1 km/h = 1000 m/3600 s = 0.2778 m/s
The initial velocity is given as 95 km/h:
v = 95 km/h * 0.2778 m/s = 26.39 m/s
Step 2: Determine the final velocity.
In this case, the person is brought to rest, so the final velocity (vf) is 0 m/s.
Step 3: Use the following equation to calculate the distance (d):
vf^2 = vi^2 + 2ad
Since vf = 0 m/s, the equation becomes:
0 = (26.39 m/s)^2 + 2 * a * d
Simplifying the equation:
Distribute the 2 to the terms on the right side of the equation:
0 = 694.6521 m^2/s^2 + 2ad
Rearranging the equation:
-694.6521 m^2/s^2 = 2ad
Step 4: Solve for d.
Divide both sides of the equation by 2a:
d = -694.6521 m^2/s^2 / (2a)
Given that the deceleration rate is 30 "g's, which can be converted to m/s^2 as follows:
1 g = 9.8 m/s^2
30 g's = 30 * 9.8 m/s^2 = 294 m/s^2
Substitute the values into the equation:
d = -694.6521 m^2/s^2 / (2 * 294 m/s^2)
Simplify the equation:
d = -694.6521 m^2/s^2 / 588 m/s^2
Finally, calculate the distance:
d = -1.181 m^2/s^2
However, distance cannot be negative in this context. So, the answer is not physically meaningful and needs to be discarded.
To calculate the magnitude of the force on a person accelerating at a rate of 30 "g's," we can use Newton's second law of motion, which states that force (F) is equal to mass (m) multiplied by acceleration (a).
Given:
Mass (m) = 71 kg
Acceleration (a) = 30 "g's"
First, we need to convert the acceleration from "g's" to meters per second squared (m/s^2), as it is a more standard unit in the metric system.
1 "g" is equal to the acceleration due to gravity on Earth, which is approximately 9.8 m/s^2.

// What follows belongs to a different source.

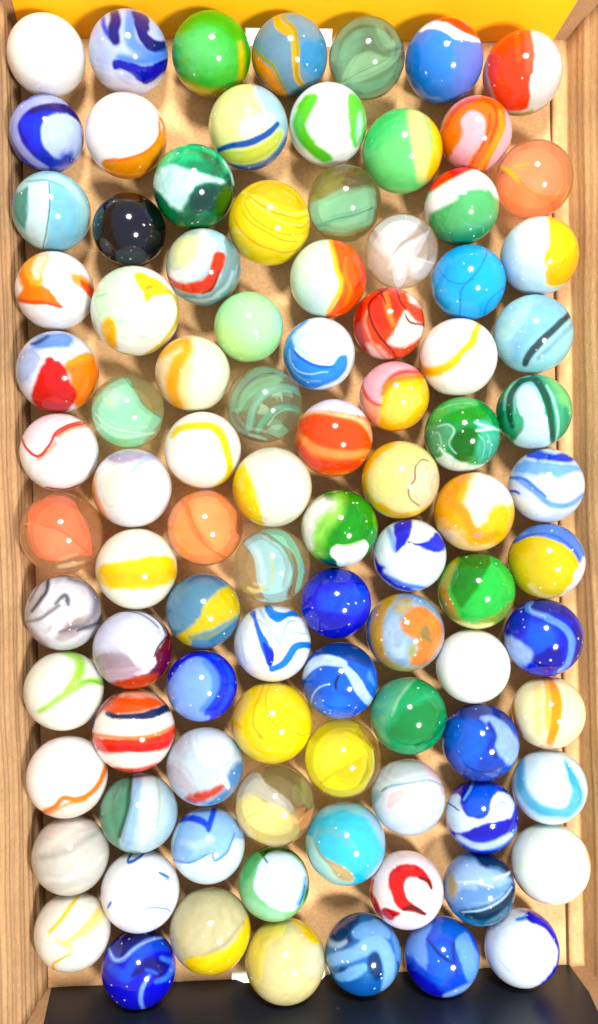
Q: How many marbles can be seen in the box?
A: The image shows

So to convert 30 "g's" to m/s^2, we multiply it by 9.8:
Acceleration (a) = 30 * 9.8 m/s^2 = 294 m/s^2
Now we can use Newton's second law to calculate the force:
Force (F) = Mass (m) * Acceleration (a)
F = 71 kg * 294 m/s^2
F = 2.09 * 10^4 N
Therefore, the magnitude of the force on the 71-kg person accelerating at a rate of 30 "g's" is 2.09 * 10^4 N.

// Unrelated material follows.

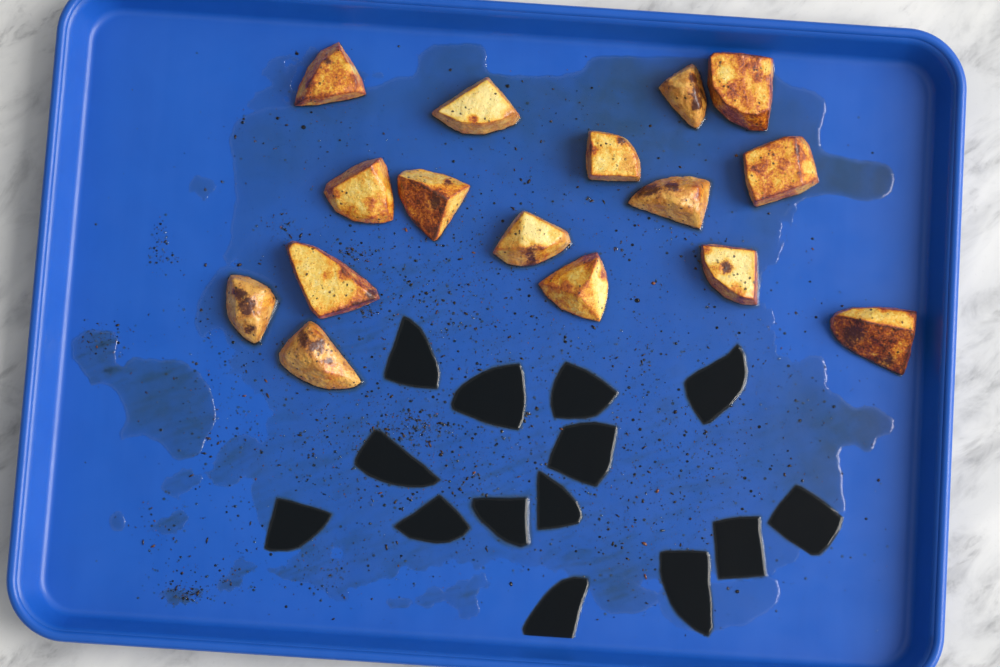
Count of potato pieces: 16

Moving on to Part B, to calculate the distance traveled when brought to a rest at an acceleration of 30 "g's" from a speed of 95 km/h, we need to use the equation:
v^2 = u^2 + 2as
Where:
- v is the final velocity (which is 0 when brought to rest),
- u is the initial velocity (95 km/h),
- a is the acceleration (-294 m/s^2, given that the person is decelerating),
- s is the distance traveled.
First, we need to convert the initial velocity from km/h to m/s:
1 km/h is equal to 0.2778 m/s.
So, the initial velocity (u) in m/s is:
u = 95 km/h * 0.2778 m/s = 26.39 m/s
Now, we can solve for the distance (s) using the equation:
0^2 = (26.39)^2 + 2 * (-294) * s
Simplifying further:
0 = 695.52 - 588s
Rearranging the equation:
-695.52 = -588s
Finally, solving for s:
s = -695.52 / -588
s ≈ 1.183 meters
Therefore, the distance traveled when brought to rest at an acceleration of 30 "g's" from a speed of 95 km/h is approximately 1.183 meters.
A. F = M*g*30 = 71*9.8*30 = 20,874 N. = 2.09*10^4 N.
B. Vo = 95km/h = 95,000m/3600s = 26.4 m/s.
F = M*a = -20,874. a = -20,873/71 = -294 m/s^2.
V^2 = Vo^2 + 2a*d. V = 0, Vo = 26.4 m/s, a = -294 m/s^2, d = ?.